▶ [Exercise aim] Word for word, copy the data that follows and skip its pictures.

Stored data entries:
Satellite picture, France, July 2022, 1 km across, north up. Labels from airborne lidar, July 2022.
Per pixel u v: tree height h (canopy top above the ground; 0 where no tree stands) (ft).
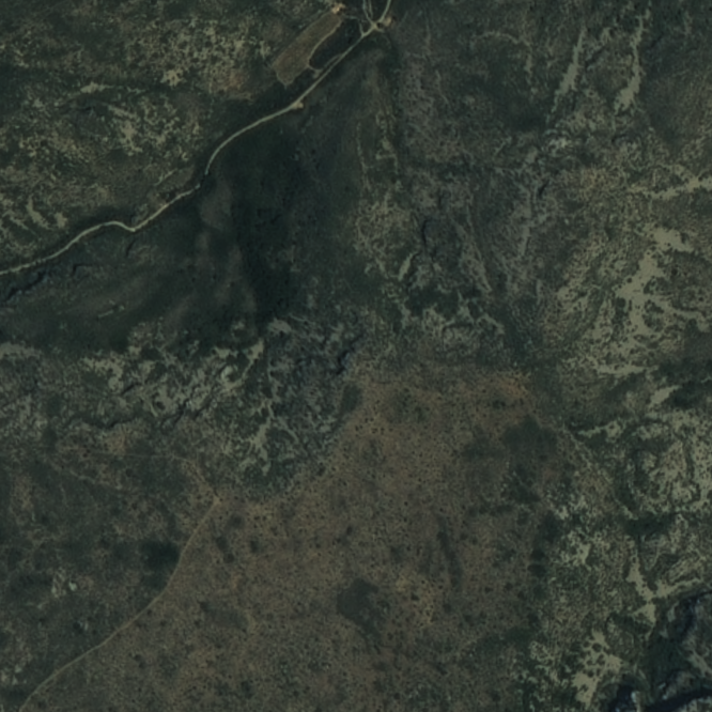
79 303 0
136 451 0
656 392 0
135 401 0
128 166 0
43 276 22
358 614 0
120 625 0
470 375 0
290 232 0
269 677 0
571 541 0
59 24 0
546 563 0
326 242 0
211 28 0
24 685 0
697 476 0
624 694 27
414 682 0
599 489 0
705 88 0
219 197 0
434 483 0
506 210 0
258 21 0
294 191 20
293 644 0
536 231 0
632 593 28
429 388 0
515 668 0
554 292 0
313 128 0
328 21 0
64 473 0
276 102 27
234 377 26
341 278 0
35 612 0
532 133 0
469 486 0
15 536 0
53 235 0
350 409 0
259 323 29
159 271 0
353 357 0
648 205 0
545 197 0
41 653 0
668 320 0
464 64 0
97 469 0
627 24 29
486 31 0
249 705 0
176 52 0
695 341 0
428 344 0
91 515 0
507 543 0
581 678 0
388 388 0
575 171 0
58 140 0
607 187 0
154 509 0
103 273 0
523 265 0
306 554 0
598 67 0
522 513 0
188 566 0
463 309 0
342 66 0
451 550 0
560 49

▶ [Written answer]
Satellite picture, France, July 2022, 1 km across, north up. Labels from airborne lidar, July 2022.
Per pixel u v: tree height h (canopy top above the ground; 0 where no tree stands) (ft).
79 303 0
136 451 0
656 392 0
135 401 0
128 166 0
43 276 22
358 614 0
120 625 0
470 375 0
290 232 0
269 677 0
571 541 0
59 24 0
546 563 0
326 242 0
211 28 0
24 685 0
697 476 0
624 694 27
414 682 0
599 489 0
705 88 0
219 197 0
434 483 0
506 210 0
258 21 0
294 191 20
293 644 0
536 231 0
632 593 28
429 388 0
515 668 0
554 292 0
313 128 0
328 21 0
64 473 0
276 102 27
234 377 26
341 278 0
35 612 0
532 133 0
469 486 0
15 536 0
53 235 0
350 409 0
259 323 29
159 271 0
353 357 0
648 205 0
545 197 0
41 653 0
668 320 0
464 64 0
97 469 0
627 24 29
486 31 0
249 705 0
176 52 0
695 341 0
428 344 0
91 515 0
507 543 0
581 678 0
388 388 0
575 171 0
58 140 0
607 187 0
154 509 0
103 273 0
523 265 0
306 554 0
598 67 0
522 513 0
188 566 0
463 309 0
342 66 0
451 550 0
560 49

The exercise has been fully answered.